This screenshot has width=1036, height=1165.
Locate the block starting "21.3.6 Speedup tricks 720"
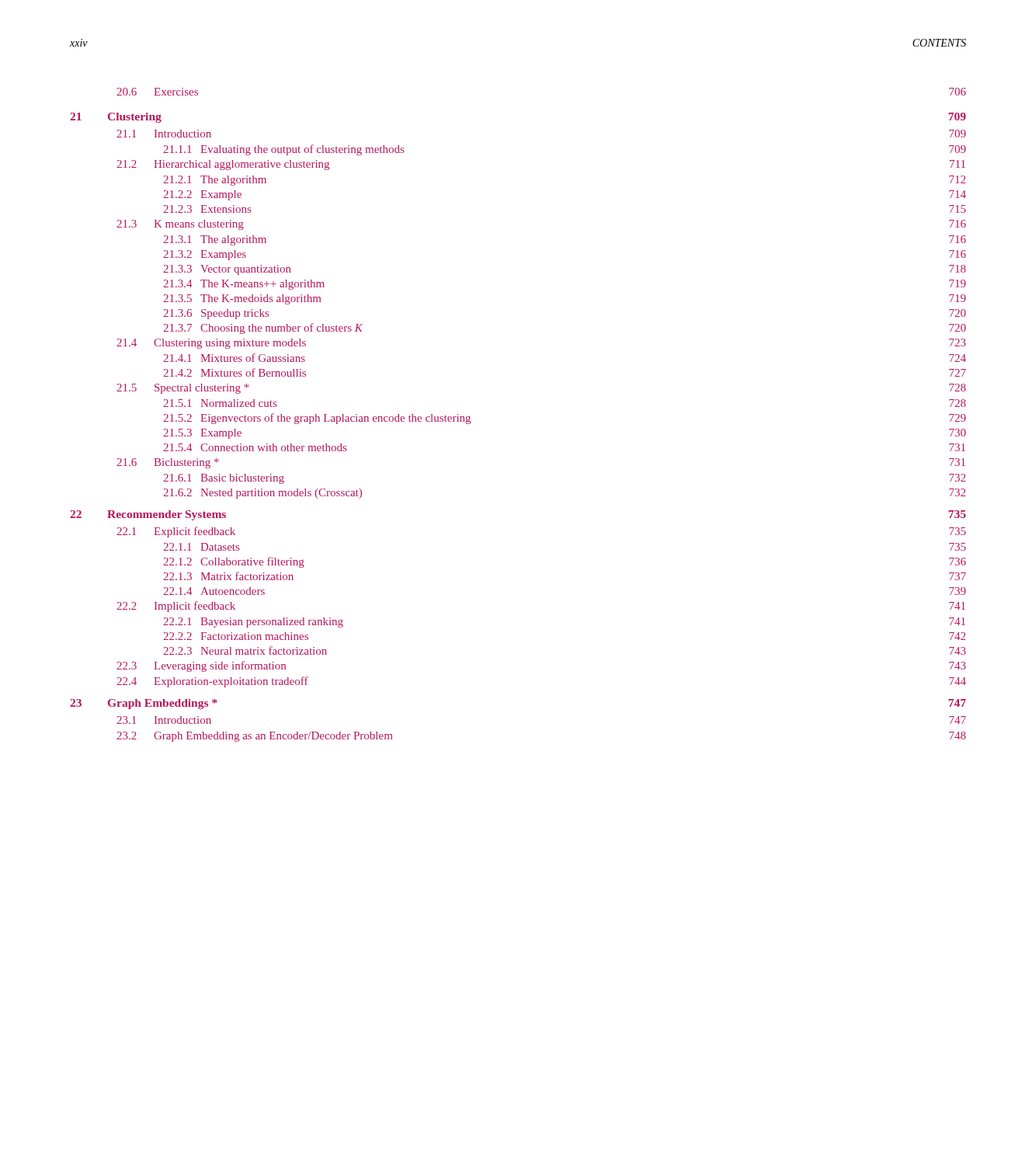215,314
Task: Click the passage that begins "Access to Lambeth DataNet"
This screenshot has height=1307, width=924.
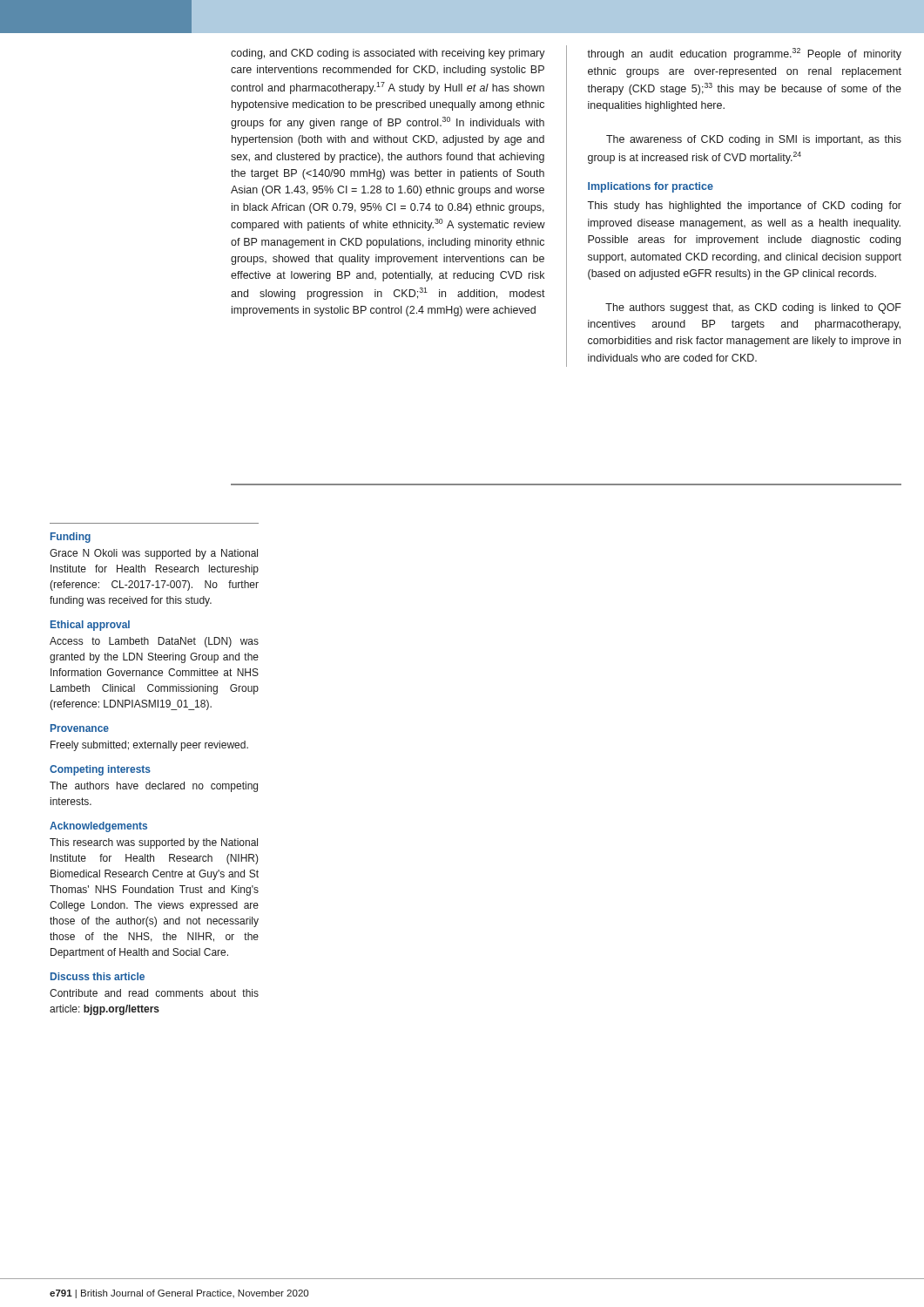Action: click(154, 673)
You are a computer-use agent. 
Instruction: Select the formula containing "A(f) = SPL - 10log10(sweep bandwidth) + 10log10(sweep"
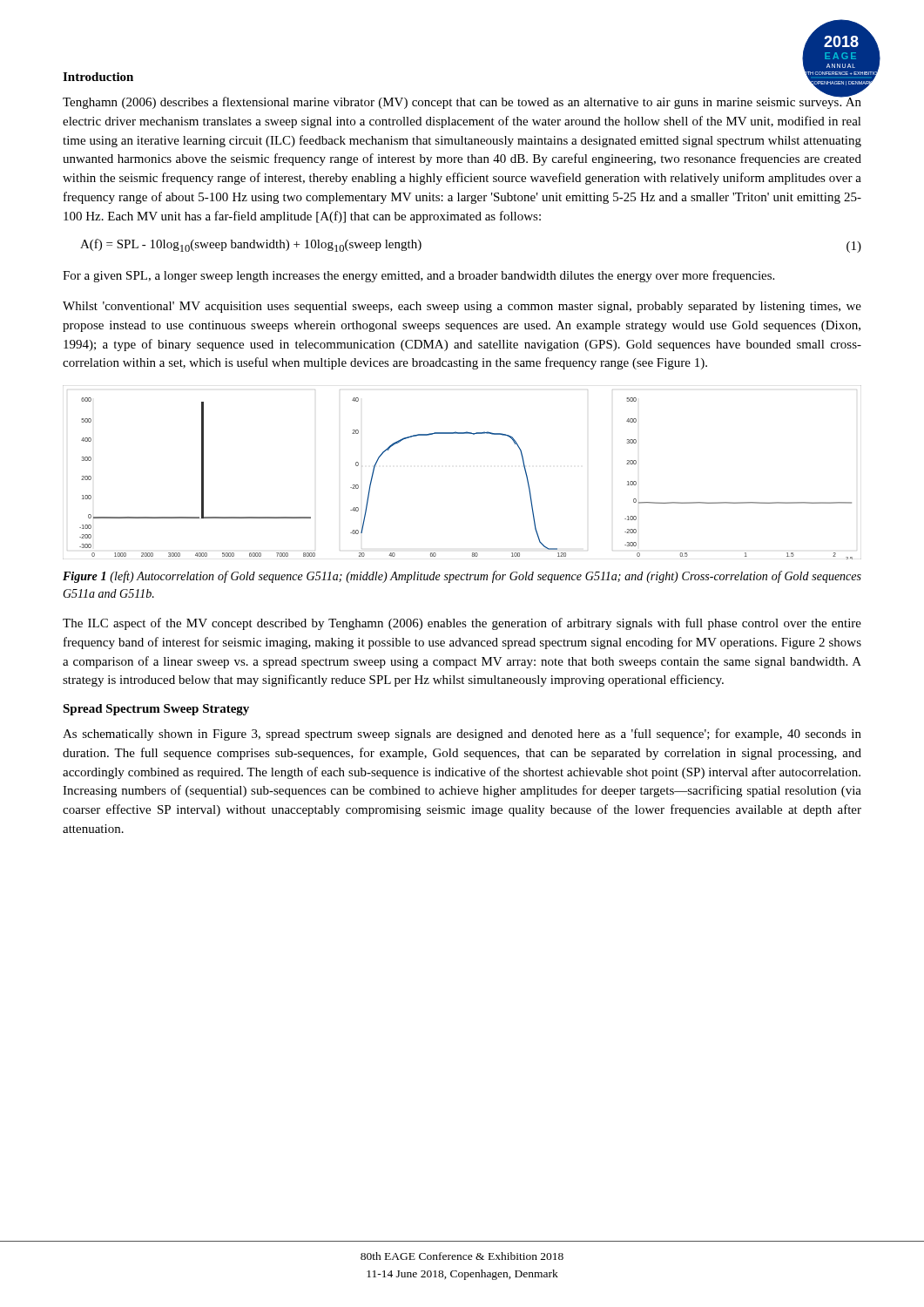(243, 245)
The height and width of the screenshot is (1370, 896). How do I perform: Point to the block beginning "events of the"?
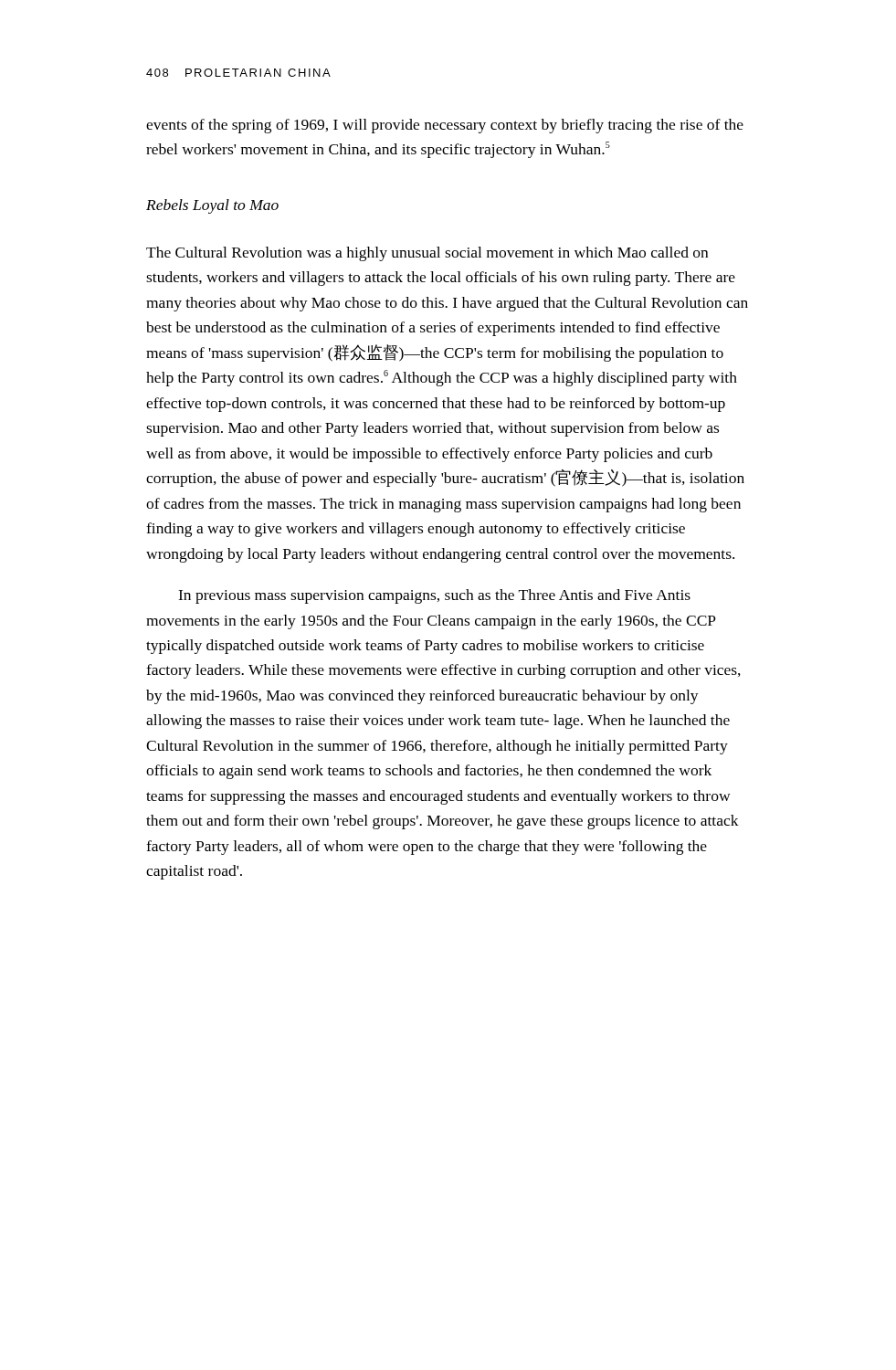[x=445, y=137]
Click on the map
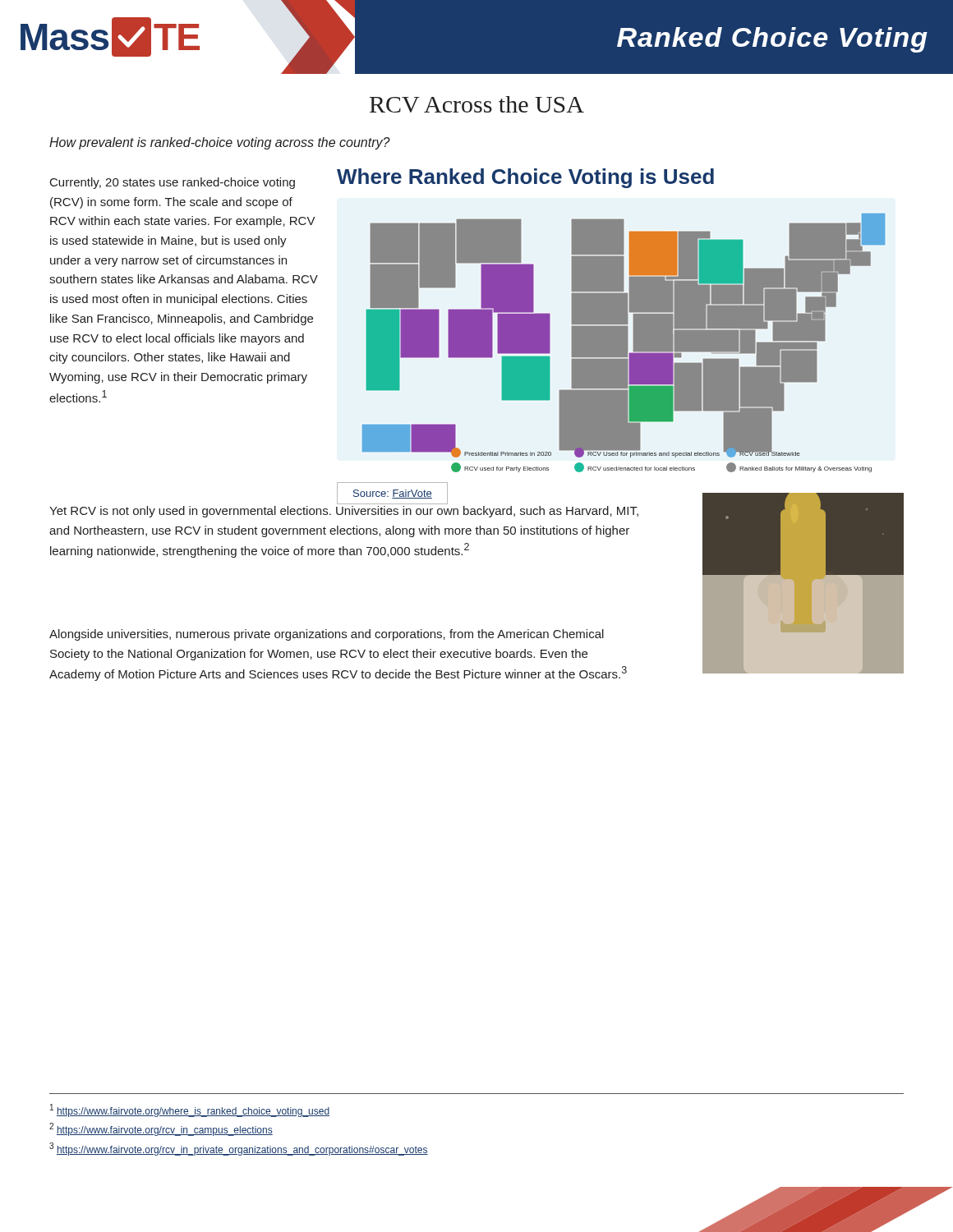This screenshot has width=953, height=1232. click(x=620, y=334)
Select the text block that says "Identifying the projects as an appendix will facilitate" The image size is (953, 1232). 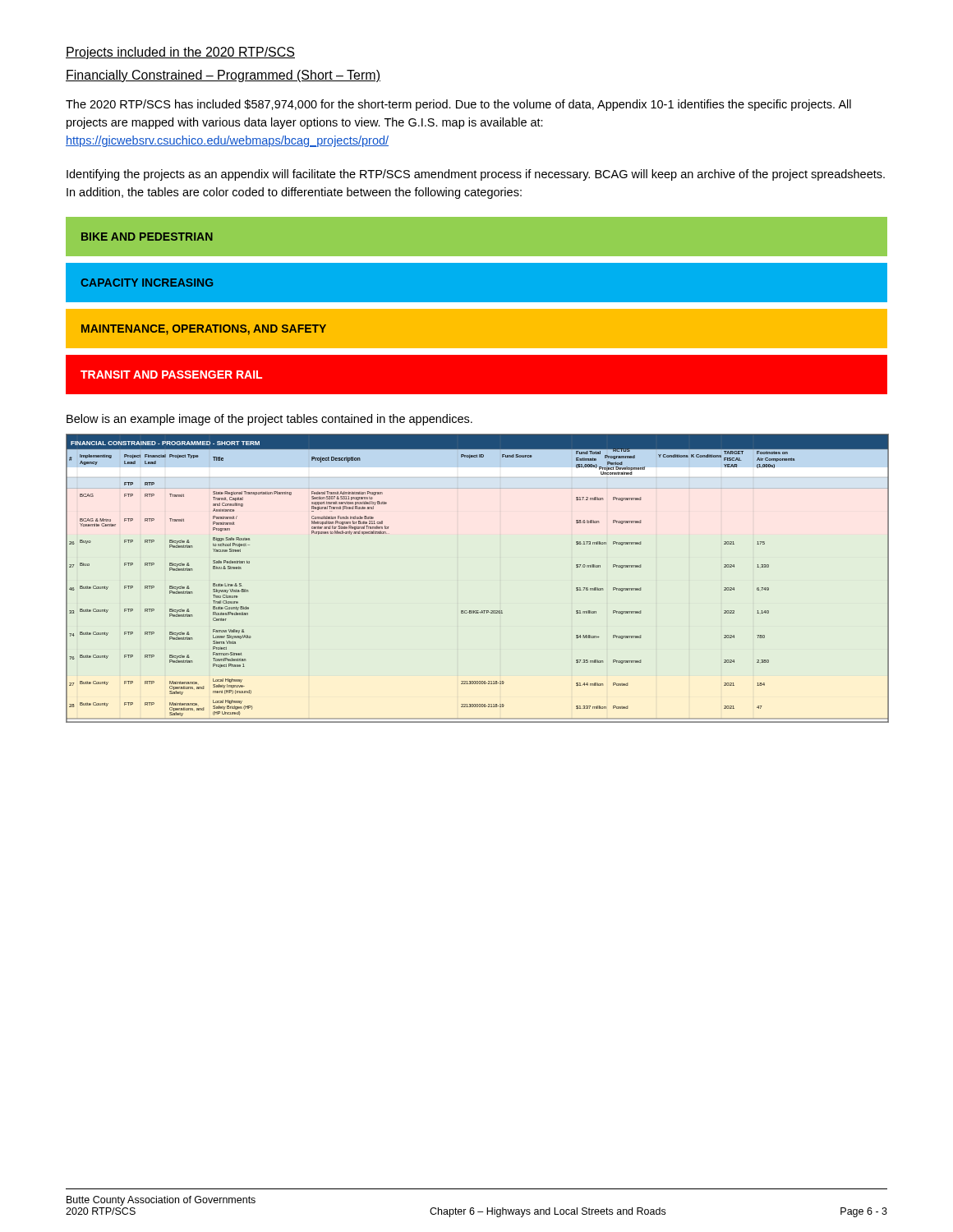[476, 183]
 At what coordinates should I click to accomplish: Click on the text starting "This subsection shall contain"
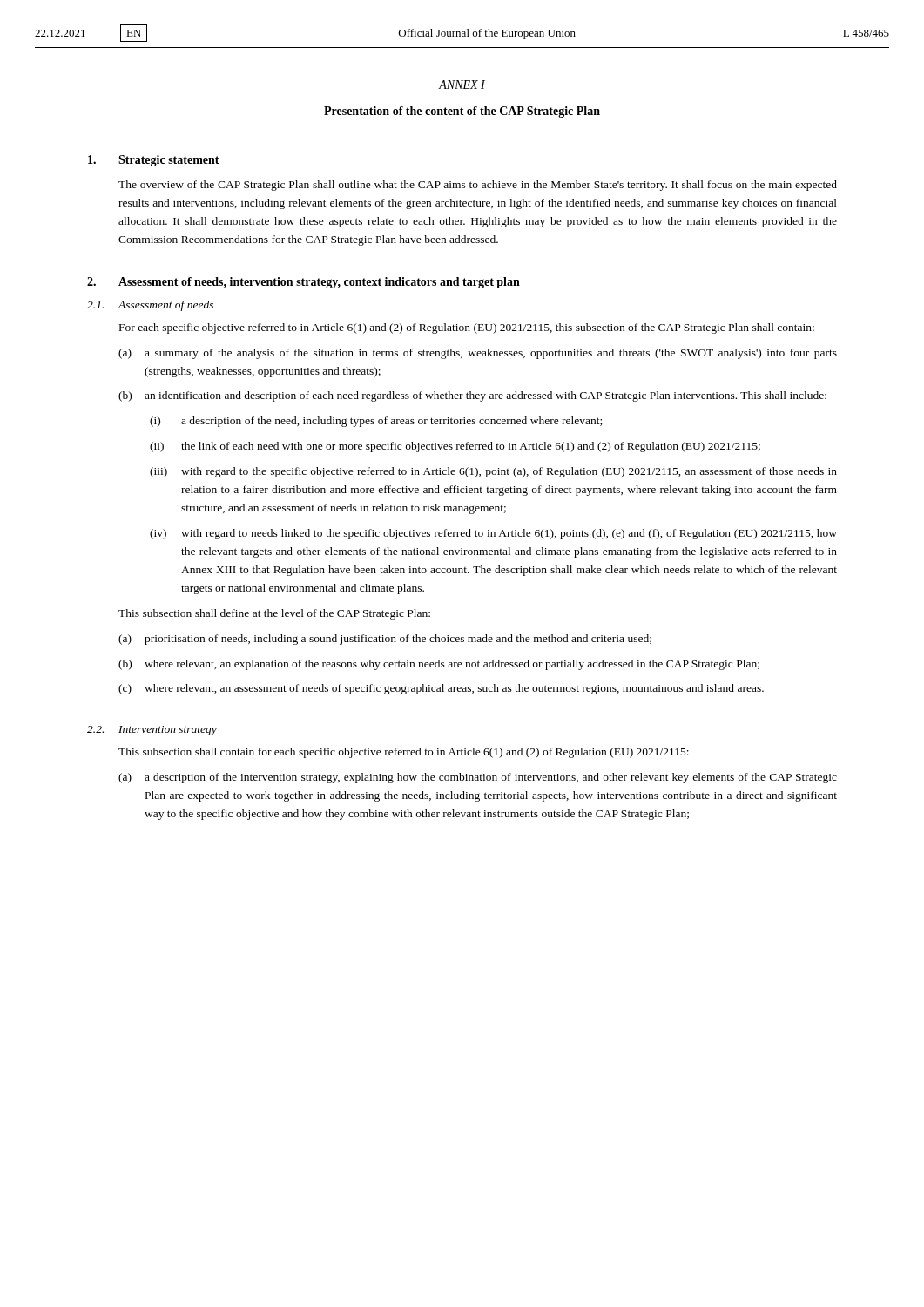404,752
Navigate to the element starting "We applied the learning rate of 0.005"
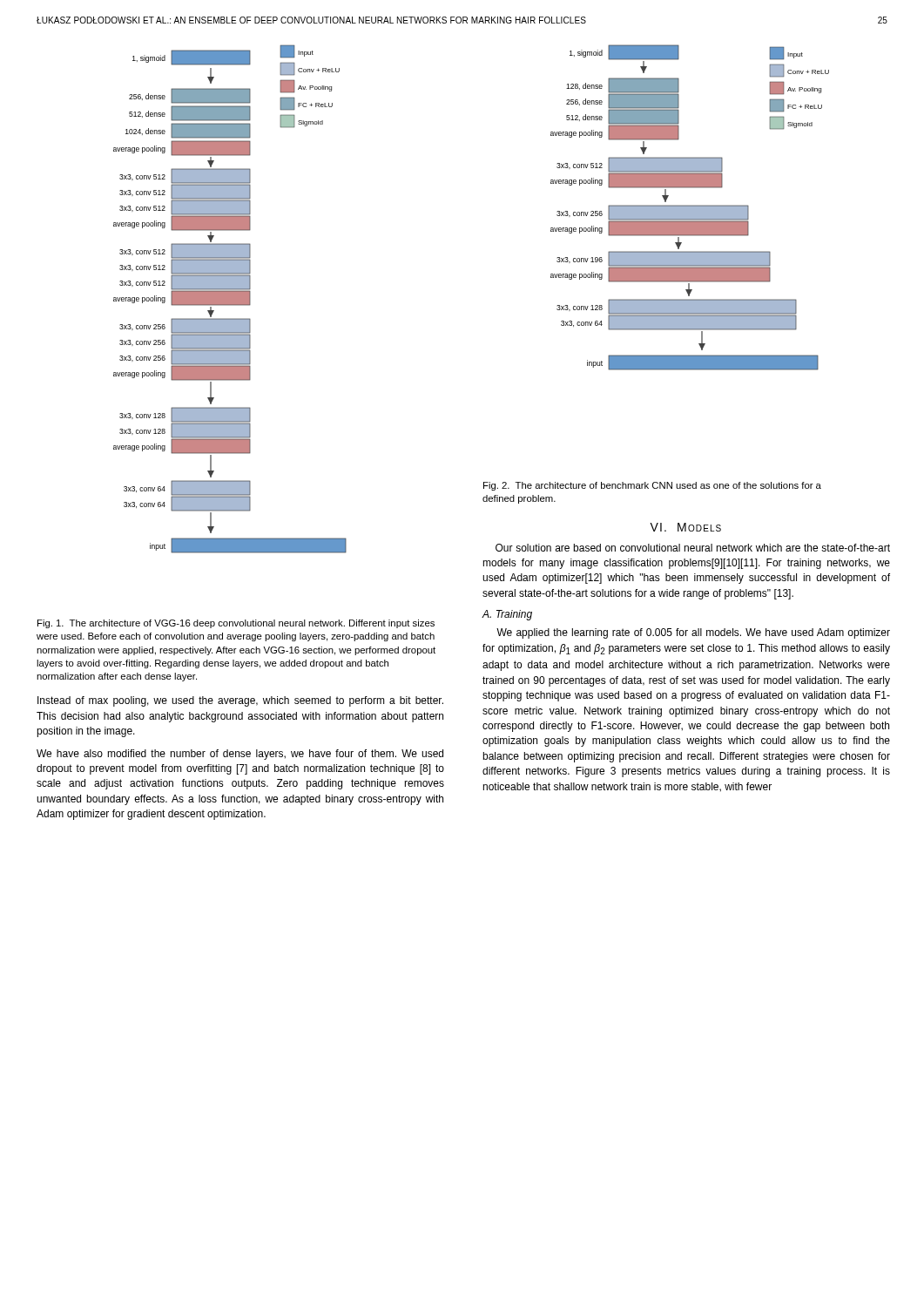The height and width of the screenshot is (1307, 924). pyautogui.click(x=686, y=710)

> **Work instructions**: Pictures excluded, copy exactly the lines running from the one with "At what coordinates" through the last line of the material.

> **Written answer**:
 At what coordinates should I click to accomplish: Click on the text starting "This subsection shall contain"
404,752
Navigate to the element starting "We applied the learning rate of 0.005"
The height and width of the screenshot is (1307, 924). pyautogui.click(x=686, y=710)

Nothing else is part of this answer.